*Dataset entries*
================

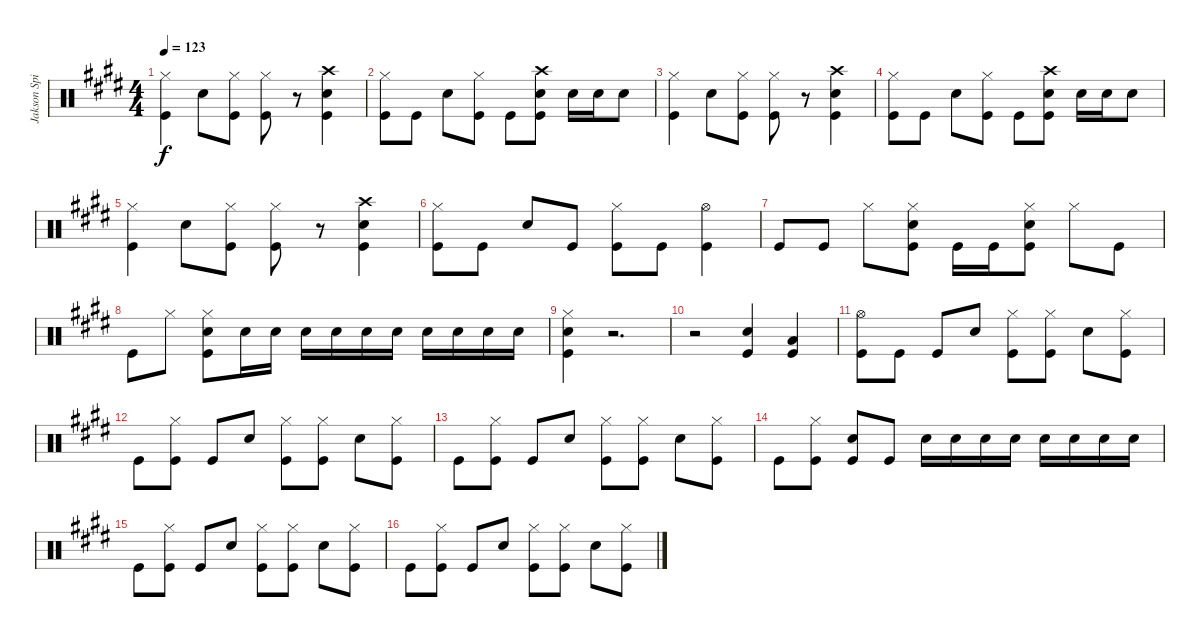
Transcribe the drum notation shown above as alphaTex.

\track ("Jakson Spires Drums" "Jakson Spi") {instrument percussion}
\staff {score}
\articulation defaults
\ts (4 4)
\tempo 123
\clef neutral
\ks e
("Hi-Hat (closed)" "Kick (hit)").4{dy f} "Snare (hit) 2".8 ("Hi-Hat (closed)" "Kick (hit)").8 ("Hi-Hat (closed)" "Kick (hit)").8 r.8 ("Crash high (hit)" "Snare (hit) 2" "Kick (hit)").4 |
("Hi-Hat (closed)" "Kick (hit)").8 "Kick (hit)".8 "Snare (hit) 2".8 ("Hi-Hat (closed)" "Kick (hit)").8 "Kick (hit)".8 ("Crash high (hit)" "Snare (hit) 2" "Kick (hit)").8 "Snare (hit) 2".16 "Snare (hit) 2".16 "Snare (hit) 2".8 |
("Hi-Hat (closed)" "Kick (hit)").4 "Snare (hit) 2".8 ("Hi-Hat (closed)" "Kick (hit)").8 ("Hi-Hat (closed)" "Kick (hit)").8 r.8 ("Crash high (hit)" "Snare (hit) 2" "Kick (hit)").4 |
("Hi-Hat (closed)" "Kick (hit)").8 "Kick (hit)".8 "Snare (hit) 2".8 ("Hi-Hat (closed)" "Kick (hit)").8 "Kick (hit)".8 ("Crash high (hit)" "Snare (hit) 2" "Kick (hit)").8 "Snare (hit) 2".16 "Snare (hit) 2".16 "Snare (hit) 2".8 |
("Hi-Hat (closed)" "Kick (hit)").4 "Snare (hit) 2".8 ("Hi-Hat (closed)" "Kick (hit)").8 ("Hi-Hat (closed)" "Kick (hit)").8 r.8 ("Crash high (hit)" "Snare (hit) 2" "Kick (hit)").4 |
("Hi-Hat (closed)" "Kick (hit)").8 "Kick (hit)".8 "Snare (hit) 2".8 "Kick (hit)".8 ("Hi-Hat (closed)" "Kick (hit)").8 "Kick (hit)".8 ("Hi-Hat (open)" "Kick (hit)").4 |
"Kick (hit)".8 "Kick (hit)".8 "Hi-Hat (closed)".8 ("Hi-Hat (closed)" "Snare (hit) 2" "Kick (hit)").8 "Kick (hit)".16 "Kick (hit)".16 ("Hi-Hat (closed)" "Snare (hit) 2" "Kick (hit)").8 "Hi-Hat (closed)".8 "Kick (hit)".8 |
"Kick (hit)".8 "Hi-Hat (closed)".8 ("Hi-Hat (closed)" "Snare (hit) 2" "Kick (hit)").8 "Snare (hit) 2".16 "Snare (hit) 2".16 "Snare (hit) 2".16 "Snare (hit) 2".16 "Snare (hit) 2".16 "Snare (hit) 2".16 "Snare (hit) 2".16 "Snare (hit) 2".16 "Snare (hit) 2".16 "Snare (hit) 2".16 |
("Hi-Hat (closed)" "Snare (hit) 2" "Kick (hit)").4 r.2{d} |
r.2 ("Snare (hit) 2" "Kick (hit)").4 ("Low Tom (hit)" "Kick (hit)").4 |
("Hi-Hat (open)" "Kick (hit)").8 "Kick (hit)".8 "Kick (hit)".8 "Snare (hit) 2".8 ("Hi-Hat (closed)" "Kick (hit)").8 ("Hi-Hat (closed)" "Kick (hit)").8 "Snare (hit) 2".8 ("Hi-Hat (closed)" "Kick (hit)").8 |
"Kick (hit)".8 ("Hi-Hat (closed)" "Kick (hit)").8 "Kick (hit)".8 "Snare (hit) 2".8 ("Hi-Hat (closed)" "Kick (hit)").8 ("Hi-Hat (closed)" "Kick (hit)").8 "Snare (hit) 2".8 ("Hi-Hat (closed)" "Kick (hit)").8 |
"Kick (hit)".8 ("Hi-Hat (closed)" "Kick (hit)").8 "Kick (hit)".8 "Snare (hit) 2".8 ("Hi-Hat (closed)" "Kick (hit)").8 ("Hi-Hat (closed)" "Kick (hit)").8 "Snare (hit) 2".8 ("Hi-Hat (closed)" "Kick (hit)").8 |
"Kick (hit)".8 ("Hi-Hat (closed)" "Kick (hit)").8 ("Snare (hit) 2" "Kick (hit)").8 "Kick (hit)".8 "Snare (hit) 2".16 "Snare (hit) 2".16 "Snare (hit) 2".16 "Snare (hit) 2".16 "Snare (hit) 2".16 "Snare (hit) 2".16 "Snare (hit) 2".16 "Snare (hit) 2".16 |
"Kick (hit)".8 ("Hi-Hat (closed)" "Kick (hit)").8 "Kick (hit)".8 "Snare (hit) 2".8 ("Hi-Hat (closed)" "Kick (hit)").8 ("Hi-Hat (closed)" "Kick (hit)").8 "Snare (hit) 2".8 ("Hi-Hat (closed)" "Kick (hit)").8 |
"Kick (hit)".8 ("Hi-Hat (closed)" "Kick (hit)").8 "Kick (hit)".8 "Snare (hit) 2".8 ("Hi-Hat (closed)" "Kick (hit)").8 ("Hi-Hat (closed)" "Kick (hit)").8 "Snare (hit) 2".8 ("Hi-Hat (closed)" "Kick (hit)").8
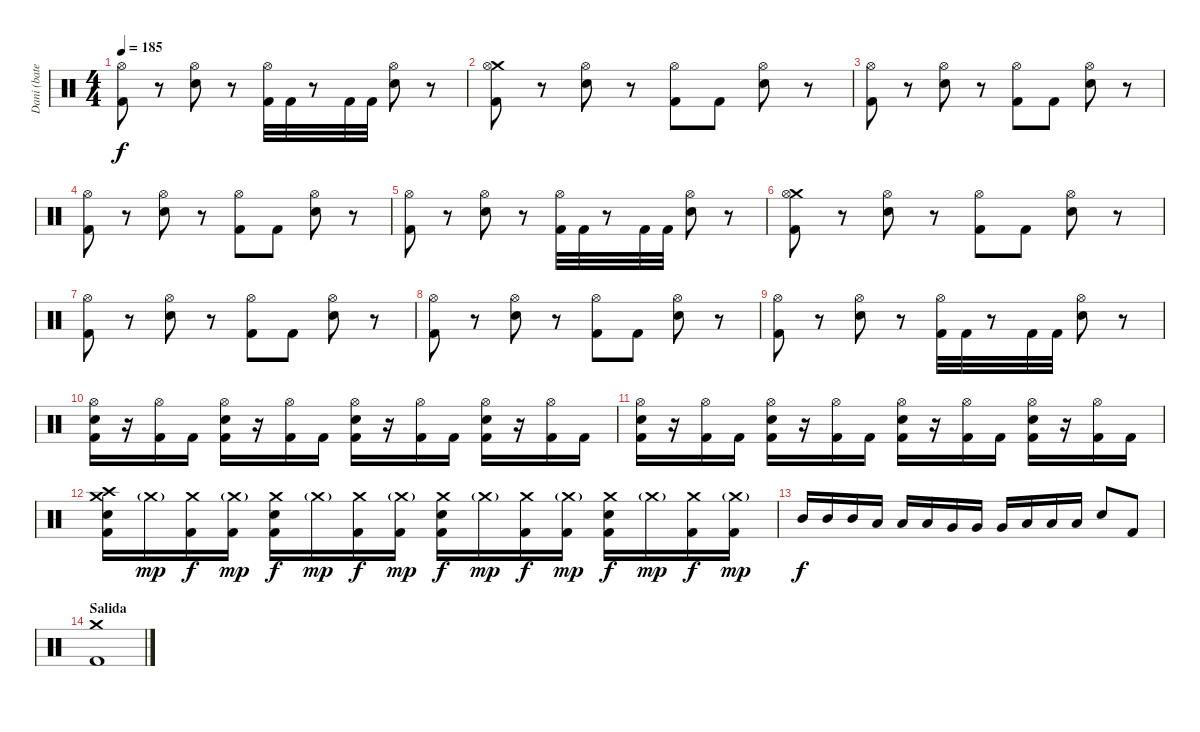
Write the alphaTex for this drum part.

\track ("Dani (batería)" "Dani (bate") {instrument percussion}
\staff {score}
\articulation defaults
\ts (4 4)
\tempo 185
\clef neutral
\ks c
("Hi-Hat (open)" "Kick (hit) 2").8{dy f} r.8 ("Hi-Hat (open)" "Snare (hit) 2").8 r.8 ("Hi-Hat (open)" "Kick (hit) 2").32 "Kick (hit) 2".32 r.8 "Kick (hit) 2".32 "Kick (hit) 2".32 ("Hi-Hat (open)" "Snare (hit) 2").8 r.8 |
("Crash medium (hit)" "Hi-Hat (open)" "Kick (hit) 2").8 r.8 ("Hi-Hat (open)" "Snare (hit) 2").8 r.8 ("Hi-Hat (open)" "Kick (hit) 2").8 "Kick (hit) 2".8 ("Hi-Hat (open)" "Snare (hit) 2").8 r.8 |
("Hi-Hat (open)" "Kick (hit) 2").8 r.8 ("Hi-Hat (open)" "Snare (hit) 2").8 r.8 ("Hi-Hat (open)" "Kick (hit) 2").8 "Kick (hit) 2".8 ("Hi-Hat (open)" "Snare (hit) 2").8 r.8 |
("Hi-Hat (open)" "Kick (hit) 2").8 r.8 ("Hi-Hat (open)" "Snare (hit) 2").8 r.8 ("Hi-Hat (open)" "Kick (hit) 2").8 "Kick (hit) 2".8 ("Hi-Hat (open)" "Snare (hit) 2").8 r.8 |
("Hi-Hat (open)" "Kick (hit) 2").8 r.8 ("Hi-Hat (open)" "Snare (hit) 2").8 r.8 ("Hi-Hat (open)" "Kick (hit) 2").32 "Kick (hit) 2".32 r.8 "Kick (hit) 2".32 "Kick (hit) 2".32 ("Hi-Hat (open)" "Snare (hit) 2").8 r.8 |
("Crash medium (hit)" "Hi-Hat (open)" "Kick (hit) 2").8 r.8 ("Hi-Hat (open)" "Snare (hit) 2").8 r.8 ("Hi-Hat (open)" "Kick (hit) 2").8 "Kick (hit) 2".8 ("Hi-Hat (open)" "Snare (hit) 2").8 r.8 |
("Hi-Hat (open)" "Kick (hit) 2").8 r.8 ("Hi-Hat (open)" "Snare (hit) 2").8 r.8 ("Hi-Hat (open)" "Kick (hit) 2").8 "Kick (hit) 2".8 ("Hi-Hat (open)" "Snare (hit) 2").8 r.8 |
("Hi-Hat (open)" "Kick (hit) 2").8 r.8 ("Hi-Hat (open)" "Snare (hit) 2").8 r.8 ("Hi-Hat (open)" "Kick (hit) 2").8 "Kick (hit) 2".8 ("Hi-Hat (open)" "Snare (hit) 2").8 r.8 |
("Hi-Hat (open)" "Kick (hit) 2").8 r.8 ("Hi-Hat (open)" "Snare (hit) 2").8 r.8 ("Hi-Hat (open)" "Kick (hit) 2").32 "Kick (hit) 2".32 r.8 "Kick (hit) 2".32 "Kick (hit) 2".32 ("Hi-Hat (open)" "Snare (hit) 2").8 r.8 |
("Hi-Hat (open)" "Snare (hit) 2" "Kick (hit) 2").16 r.16 ("Hi-Hat (open)" "Kick (hit) 2").16 "Kick (hit) 2".16 ("Hi-Hat (open)" "Snare (hit) 2" "Kick (hit) 2").16 r.16 ("Hi-Hat (open)" "Kick (hit) 2").16 "Kick (hit) 2".16 ("Hi-Hat (open)" "Snare (hit) 2" "Kick (hit) 2").16 r.16 ("Hi-Hat (open)" "Kick (hit) 2").16 "Kick (hit) 2".16 ("Hi-Hat (open)" "Snare (hit) 2" "Kick (hit) 2").16 r.16 ("Hi-Hat (open)" "Kick (hit) 2").16 "Kick (hit) 2".16 |
("Hi-Hat (open)" "Snare (hit) 2" "Kick (hit) 2").16 r.16 ("Hi-Hat (open)" "Kick (hit) 2").16 "Kick (hit) 2".16 ("Hi-Hat (open)" "Snare (hit) 2" "Kick (hit) 2").16 r.16 ("Hi-Hat (open)" "Kick (hit) 2").16 "Kick (hit) 2".16 ("Hi-Hat (open)" "Snare (hit) 2" "Kick (hit) 2").16 r.16 ("Hi-Hat (open)" "Kick (hit) 2").16 "Kick (hit) 2".16 ("Hi-Hat (open)" "Snare (hit) 2" "Kick (hit) 2").16 r.16 ("Hi-Hat (open)" "Kick (hit) 2").16 "Kick (hit) 2".16 |
("Crash high (hit)" "Crash medium (hit)" "Snare (hit) 2" "Kick (hit) 2").16 "Crash medium (hit)"{g}.16{dy mp} ("Crash medium (hit)" "Kick (hit) 2").16{dy f} ("Crash medium (hit)"{g} "Kick (hit) 2").16{dy mp} ("Crash medium (hit)" "Snare (hit) 2" "Kick (hit) 2").16{dy f} "Crash medium (hit)"{g}.16{dy mp} ("Crash medium (hit)" "Kick (hit) 2").16{dy f} ("Crash medium (hit)"{g} "Kick (hit) 2").16{dy mp} ("Crash medium (hit)" "Snare (hit) 2" "Kick (hit) 2").16{dy f} "Crash medium (hit)"{g}.16{dy mp} ("Crash medium (hit)" "Kick (hit) 2").16{dy f} ("Crash medium (hit)"{g} "Kick (hit) 2").16{dy mp} ("Crash medium (hit)" "Snare (hit) 2" "Kick (hit) 2").16{dy f} "Crash medium (hit)"{g}.16{dy mp} ("Crash medium (hit)" "Kick (hit) 2").16{dy f} ("Crash medium (hit)"{g} "Kick (hit) 2").16{dy mp} |
"Mid Tom (hit)".16{dy f} "Mid Tom (hit)".16 "Mid Tom (hit)".16 "Low Tom (hit)".16 "Low Tom (hit)".16 "Low Tom (hit)".16 "Very Low Tom (hit)".16 "Very Low Tom (hit)".16 "Very Low Tom (hit)".16 "Low Floor Tom (hit)".16 "Low Floor Tom (hit)".16 "Low Floor Tom (hit)".16 "Snare (hit) 2".8 "Kick (hit) 2".8 |
\section ("" "Salida")
("Crash medium (hit)" "Kick (hit) 2").1

================

*What the task requires*
Report how many lines in the listing above include the word "instrument". Give nothing but the number.

*Exercise result*
2